Excerpts from a dataset:

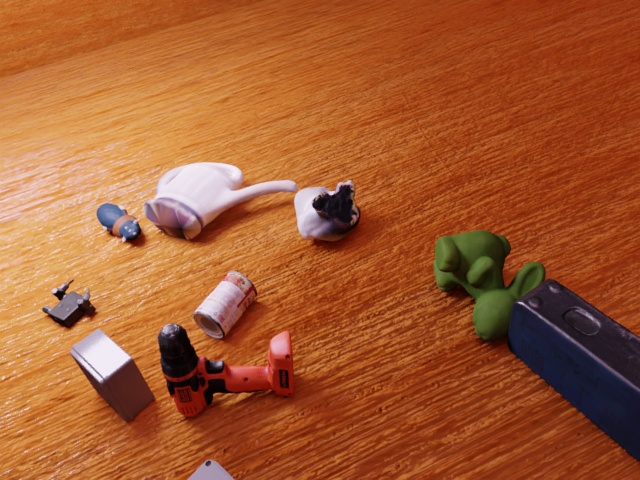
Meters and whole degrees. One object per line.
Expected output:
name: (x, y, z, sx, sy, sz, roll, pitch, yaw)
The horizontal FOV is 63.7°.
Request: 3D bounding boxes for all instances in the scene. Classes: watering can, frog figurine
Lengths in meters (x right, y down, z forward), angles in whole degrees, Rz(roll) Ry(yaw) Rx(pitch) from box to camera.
watering can: (-0.241, -0.096, 1.149, 0.348, 0.101, 0.229, 11, 46, 27)
frog figurine: (0.003, -0.053, 1.062, 0.140, 0.122, 0.158, -52, 17, -27)
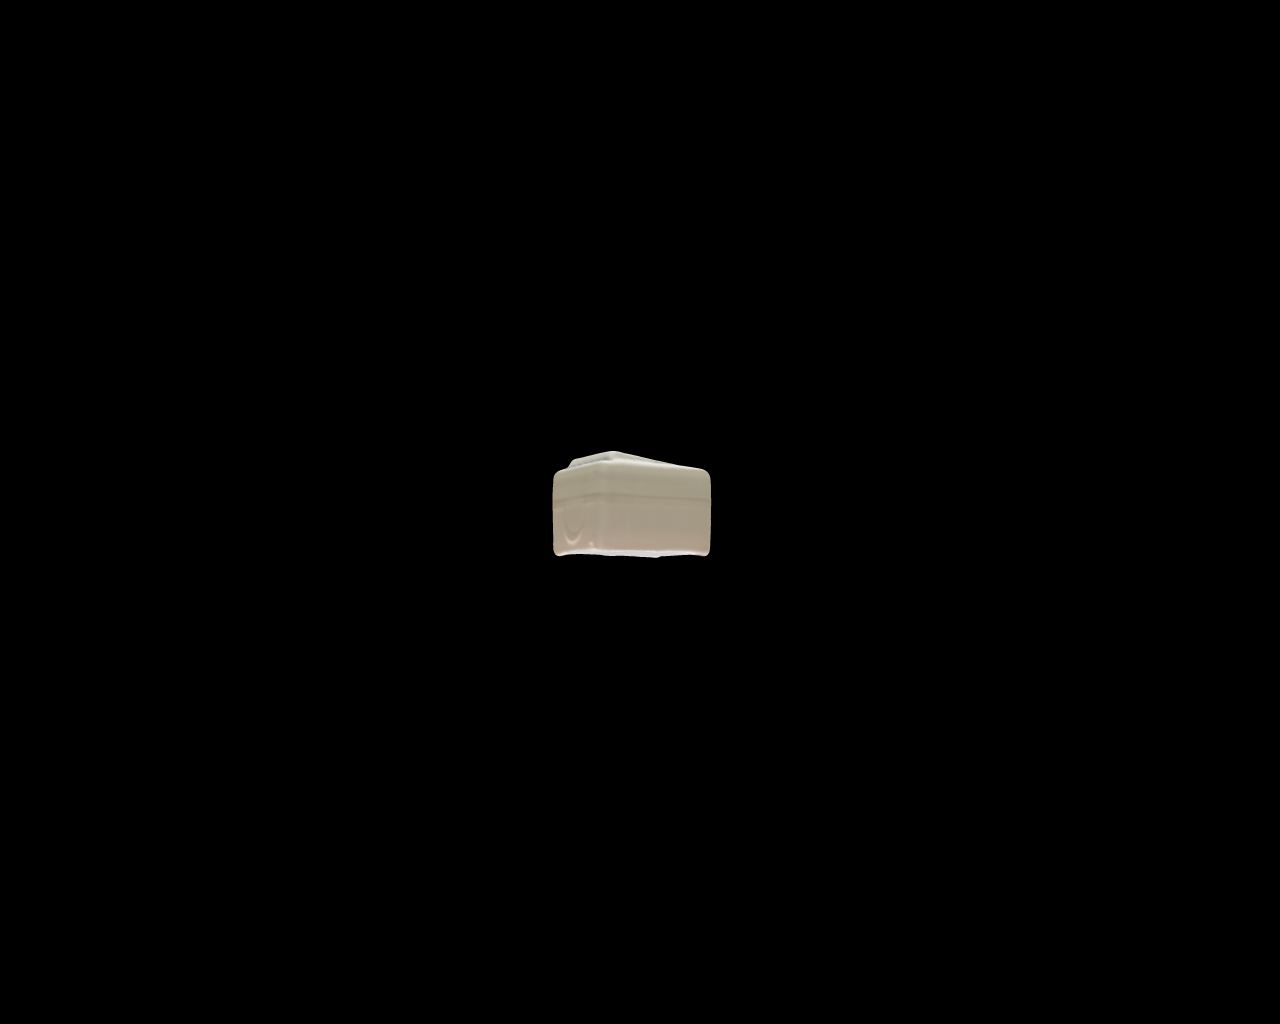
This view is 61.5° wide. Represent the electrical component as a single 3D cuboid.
[{"bbox_3d":[0.001,-0.003,0.650,0.096,0.061,0.061,3,-6,-33],"label":"electrical component"}]
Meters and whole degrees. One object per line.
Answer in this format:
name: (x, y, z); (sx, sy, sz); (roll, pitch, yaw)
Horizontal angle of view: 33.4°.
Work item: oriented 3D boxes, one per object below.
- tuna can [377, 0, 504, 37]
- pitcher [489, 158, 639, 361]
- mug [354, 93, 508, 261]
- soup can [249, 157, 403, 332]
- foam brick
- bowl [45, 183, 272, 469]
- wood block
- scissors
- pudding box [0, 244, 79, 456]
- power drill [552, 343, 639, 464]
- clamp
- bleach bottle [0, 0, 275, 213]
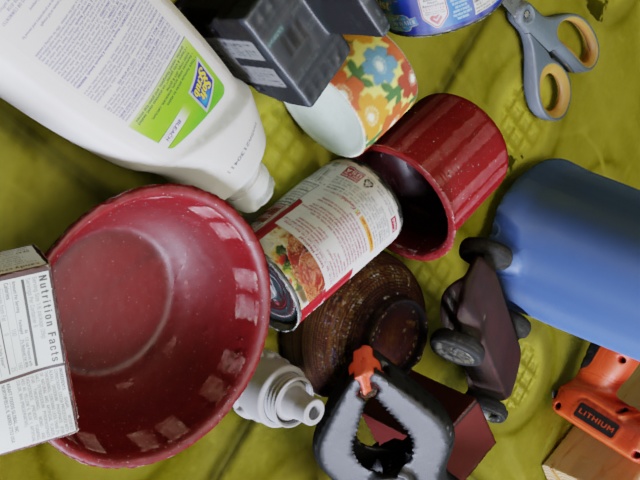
tuna can: (0.076, -0.165, 0.689); (0.086, 0.086, 0.033); (-40, 128, -28)
pitcher: (0.261, 0.029, 0.812); (0.149, 0.243, 0.145); (-53, 134, -10)
mug: (0.072, -0.039, 0.731); (0.081, 0.093, 0.117); (-43, 159, -32)
soup can: (-0.004, 0.001, 0.675); (0.102, 0.069, 0.068); (-40, 127, -29)
foam brick: (0.079, 0.138, 0.790); (0.053, 0.078, 0.051); (-44, 129, -22)
bowl: (-0.106, 0.042, 0.597); (0.161, 0.055, 0.162); (-15, 113, -38)
wood block: (0.315, 0.185, 1.020); (0.205, 0.090, 0.091); (-44, 128, -25)
scissors: (0.153, -0.152, 0.815); (0.201, 0.016, 0.096); (11, 94, -45)
pudding box: (-0.174, 0.059, 0.491); (0.113, 0.039, 0.090); (-14, 111, -26)
power drill: (0.298, 0.096, 0.925); (0.057, 0.185, 0.188); (17, 100, -45)
clamp: (0.060, 0.160, 0.729); (0.164, 0.036, 0.210); (-6, 123, 2)
bleach bottle: (-0.108, -0.083, 0.557); (0.102, 0.068, 0.250); (-58, 136, -12)
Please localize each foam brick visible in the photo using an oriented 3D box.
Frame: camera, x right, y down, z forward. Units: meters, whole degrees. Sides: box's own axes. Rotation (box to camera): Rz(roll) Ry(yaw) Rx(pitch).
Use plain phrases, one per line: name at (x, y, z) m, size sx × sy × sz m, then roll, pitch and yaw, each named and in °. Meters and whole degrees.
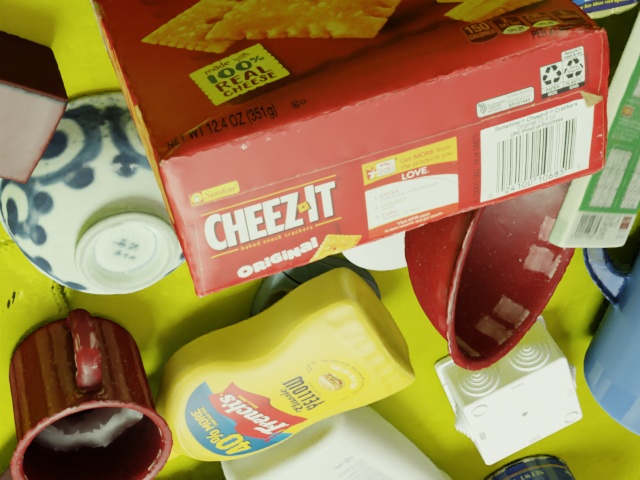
foam brick at (-0.168, -0.069, 0.505) m, size 0.078 × 0.053 × 0.051 m, roll 14°, pitch 122°, yaw -31°

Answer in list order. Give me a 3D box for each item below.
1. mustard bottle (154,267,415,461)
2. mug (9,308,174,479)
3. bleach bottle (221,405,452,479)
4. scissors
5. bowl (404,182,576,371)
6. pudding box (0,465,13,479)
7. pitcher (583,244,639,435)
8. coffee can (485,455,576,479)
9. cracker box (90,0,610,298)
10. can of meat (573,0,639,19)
mustard bottle at (-0.043, 0.093, 0.681) m, size 0.192 × 0.058 × 0.096 m, roll -27°, pitch 132°, yaw 14°
mug at (-0.141, 0.091, 0.636) m, size 0.093 × 0.081 × 0.117 m, roll -8°, pitch 132°, yaw -17°
bleach bottle at (0.033, 0.188, 0.811) m, size 0.103 × 0.068 × 0.250 m, roll -30°, pitch 138°, yaw 14°
scissors at (-0.004, 0.001, 0.660) m, size 0.096 × 0.016 × 0.202 m, roll -9°, pitch 133°, yaw -13°
bowl at (0.094, -0.011, 0.591) m, size 0.161 × 0.055 × 0.162 m, roll -36°, pitch 140°, yaw -38°
pudding box at (-0.176, 0.185, 0.701) m, size 0.090 × 0.039 × 0.114 m, roll 44°, pitch 106°, yaw 2°
pitcher at (0.266, 0.023, 0.733) m, size 0.144 × 0.149 × 0.243 m, roll -13°, pitch 138°, yaw -34°
coffee can at (0.197, 0.268, 0.894) m, size 0.102 × 0.140 × 0.103 m, roll -12°, pitch 133°, yaw -14°
cracker box at (-0.005, -0.088, 0.446) m, size 0.164 × 0.214 × 0.072 m, roll -18°, pitch 132°, yaw -9°
can of meat at (0.126, -0.160, 0.550) m, size 0.102 × 0.057 × 0.084 m, roll -14°, pitch 135°, yaw -12°
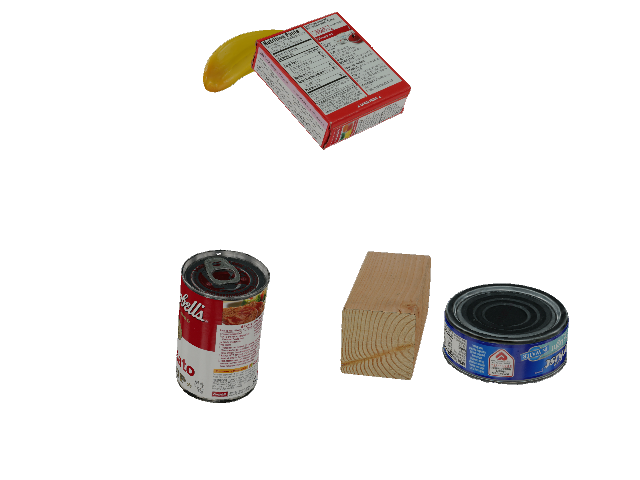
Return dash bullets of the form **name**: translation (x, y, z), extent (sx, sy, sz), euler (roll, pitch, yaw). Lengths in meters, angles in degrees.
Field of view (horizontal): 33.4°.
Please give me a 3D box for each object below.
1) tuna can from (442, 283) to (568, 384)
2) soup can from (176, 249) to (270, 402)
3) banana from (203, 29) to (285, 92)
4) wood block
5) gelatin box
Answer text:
- **tuna can**: translation (0.128, 0.063, 0.736), extent (0.086, 0.034, 0.086), euler (-2, 25, 1)
- **soup can**: translation (-0.078, 0.068, 0.838), extent (0.068, 0.102, 0.068), euler (6, 30, -3)
- **banana**: translation (-0.049, -0.177, 1.049), extent (0.197, 0.070, 0.037), euler (-10, -35, -46)
- **wood block**: translation (0.088, 0.092, 1.383), extent (0.091, 0.090, 0.206), euler (5, 20, 9)
- **gelatin box**: translation (0.006, -0.113, 0.741), extent (0.073, 0.089, 0.030), euler (-27, -26, -29)
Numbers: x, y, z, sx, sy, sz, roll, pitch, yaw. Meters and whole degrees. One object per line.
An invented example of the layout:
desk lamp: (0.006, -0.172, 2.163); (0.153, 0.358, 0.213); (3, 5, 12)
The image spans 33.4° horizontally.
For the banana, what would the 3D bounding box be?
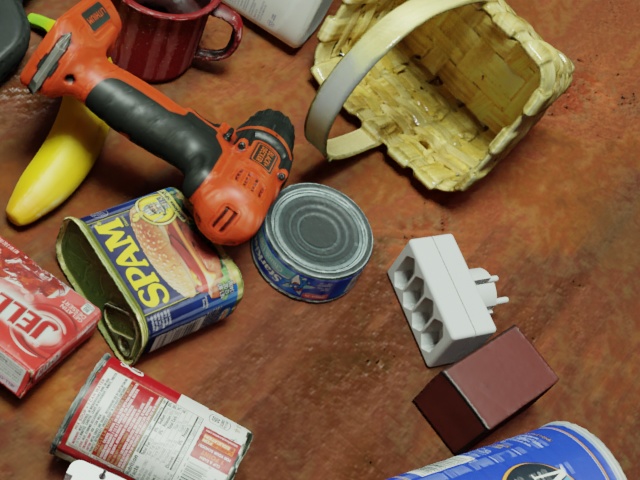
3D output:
banana: (-0.183, -0.092, 0.773); (0.069, 0.037, 0.198); (-10, 54, 7)

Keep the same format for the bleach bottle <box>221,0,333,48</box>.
bleach bottle: (-0.098, -0.266, 0.879); (0.251, 0.103, 0.068); (33, 43, 1)

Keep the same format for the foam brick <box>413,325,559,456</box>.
foam brick: (0.116, 0.104, 0.744); (0.078, 0.053, 0.051); (-26, 70, -34)

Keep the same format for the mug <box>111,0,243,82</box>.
mug: (-0.117, -0.173, 0.822); (0.117, 0.082, 0.093); (18, 52, -10)

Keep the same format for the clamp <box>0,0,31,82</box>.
clamp: (-0.264, -0.176, 0.794); (0.120, 0.039, 0.171); (4, 56, 3)

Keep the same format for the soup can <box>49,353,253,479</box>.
soup can: (-0.100, 0.121, 0.637); (0.102, 0.069, 0.068); (29, 52, -2)

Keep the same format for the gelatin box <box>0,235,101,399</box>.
gelatin box: (-0.193, 0.045, 0.665); (0.089, 0.030, 0.073); (36, 37, 5)

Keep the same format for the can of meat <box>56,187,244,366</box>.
can of meat: (-0.112, 0.021, 0.709); (0.083, 0.058, 0.102); (-23, 69, -35)

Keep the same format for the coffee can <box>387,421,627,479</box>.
coffee can: (0.108, 0.179, 0.658); (0.140, 0.103, 0.103); (-11, 62, -28)

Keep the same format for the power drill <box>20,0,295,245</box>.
power drill: (-0.100, -0.091, 0.741); (0.187, 0.057, 0.184); (36, 23, -9)

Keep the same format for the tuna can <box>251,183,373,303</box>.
tuna can: (-0.005, 0.001, 0.779); (0.086, 0.034, 0.086); (11, 54, -15)
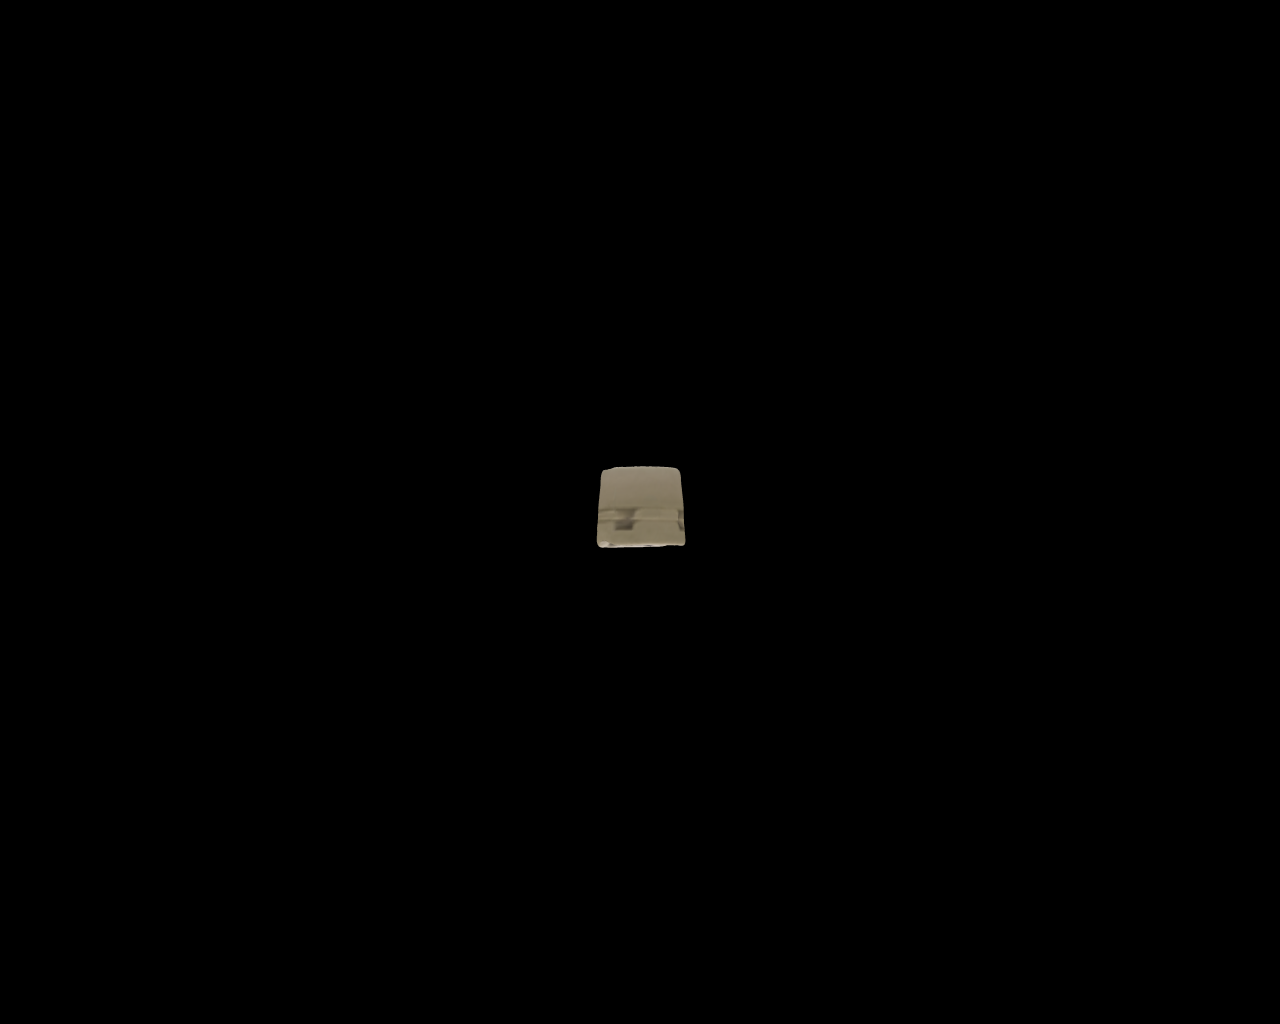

Brief - Only one thing is wanted here, an exact copy of the lines from the first line above through the line containing "Request: 3D bounding", minus any picture.

Expected answer -
Meters and whole degrees. One object per line.
Expected output:
name: (x, y, z, sx, sy, sz, roll, pitch, yaw)
The horizontal FOV is 63.7°.
Request: 3D bounding boxes for all instances in the scene. Classes: watering can, frog figurine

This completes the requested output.